◆ **TRY IT**:
Say, as a bare number, how many lines of the listing contain "example".

◆ **INPUT DATA**:

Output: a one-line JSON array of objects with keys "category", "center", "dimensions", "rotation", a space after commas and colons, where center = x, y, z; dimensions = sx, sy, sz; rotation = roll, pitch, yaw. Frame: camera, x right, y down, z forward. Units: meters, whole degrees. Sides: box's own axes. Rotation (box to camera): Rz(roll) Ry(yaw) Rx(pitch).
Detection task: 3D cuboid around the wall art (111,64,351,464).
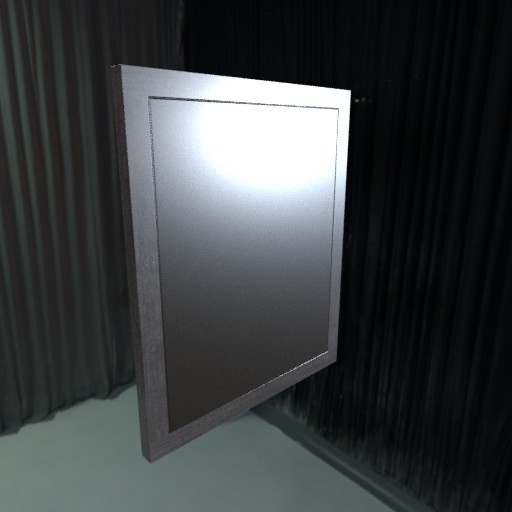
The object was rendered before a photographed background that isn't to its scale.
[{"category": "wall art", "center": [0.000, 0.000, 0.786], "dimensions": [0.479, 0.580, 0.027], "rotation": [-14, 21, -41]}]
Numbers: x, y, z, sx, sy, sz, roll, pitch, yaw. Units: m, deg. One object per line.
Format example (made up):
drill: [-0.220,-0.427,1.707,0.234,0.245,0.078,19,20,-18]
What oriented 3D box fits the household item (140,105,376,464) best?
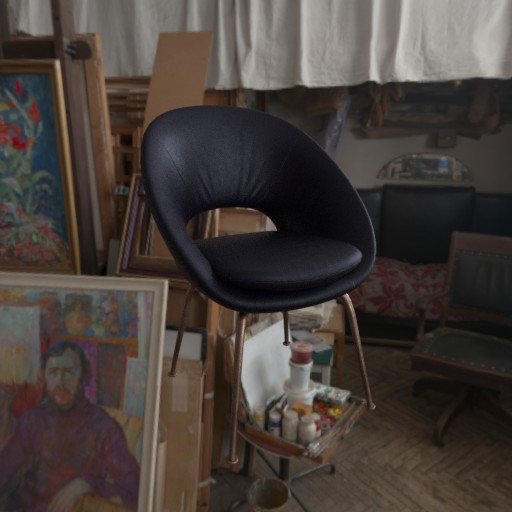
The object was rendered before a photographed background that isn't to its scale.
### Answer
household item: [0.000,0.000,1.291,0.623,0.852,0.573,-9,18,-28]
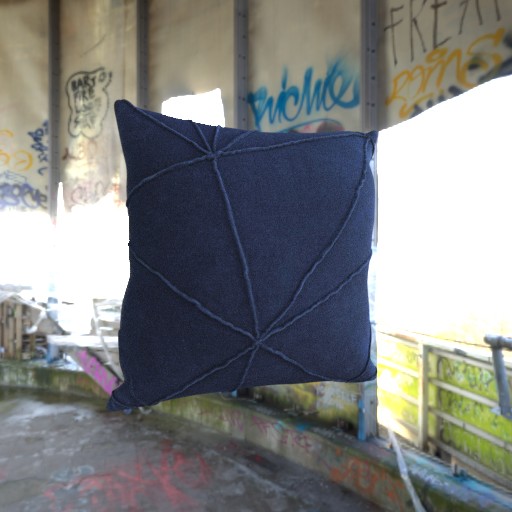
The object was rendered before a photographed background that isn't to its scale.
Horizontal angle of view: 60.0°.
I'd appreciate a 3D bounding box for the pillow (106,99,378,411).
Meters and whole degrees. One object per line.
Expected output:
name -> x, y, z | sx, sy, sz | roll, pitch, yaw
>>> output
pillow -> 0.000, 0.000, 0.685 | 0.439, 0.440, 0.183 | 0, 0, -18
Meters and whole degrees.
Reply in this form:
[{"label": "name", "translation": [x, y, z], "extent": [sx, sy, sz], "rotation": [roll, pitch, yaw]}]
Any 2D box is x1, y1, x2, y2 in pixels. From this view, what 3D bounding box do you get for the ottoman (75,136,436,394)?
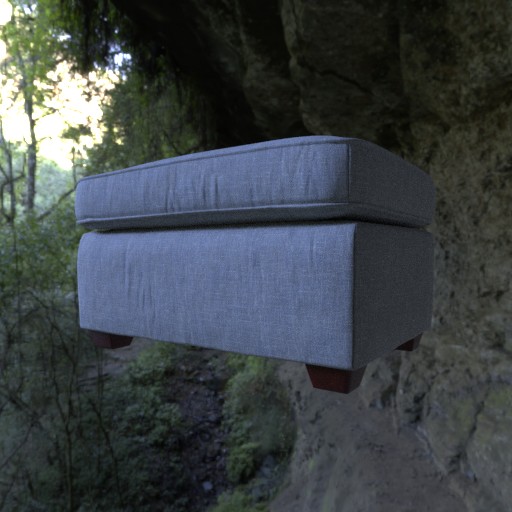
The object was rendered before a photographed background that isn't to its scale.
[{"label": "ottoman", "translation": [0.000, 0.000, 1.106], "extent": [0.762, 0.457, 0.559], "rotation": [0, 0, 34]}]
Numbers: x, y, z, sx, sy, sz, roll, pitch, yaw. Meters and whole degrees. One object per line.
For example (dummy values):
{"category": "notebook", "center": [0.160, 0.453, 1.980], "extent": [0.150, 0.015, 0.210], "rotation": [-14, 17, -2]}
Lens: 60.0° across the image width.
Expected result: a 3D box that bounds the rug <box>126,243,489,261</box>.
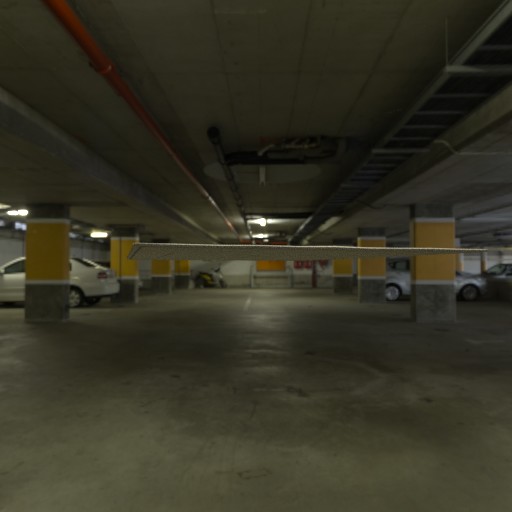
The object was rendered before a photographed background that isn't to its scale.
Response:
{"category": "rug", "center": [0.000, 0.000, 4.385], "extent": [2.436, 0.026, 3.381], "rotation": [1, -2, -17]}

◆ **SOLUTION TO THE PROBLEM**:
2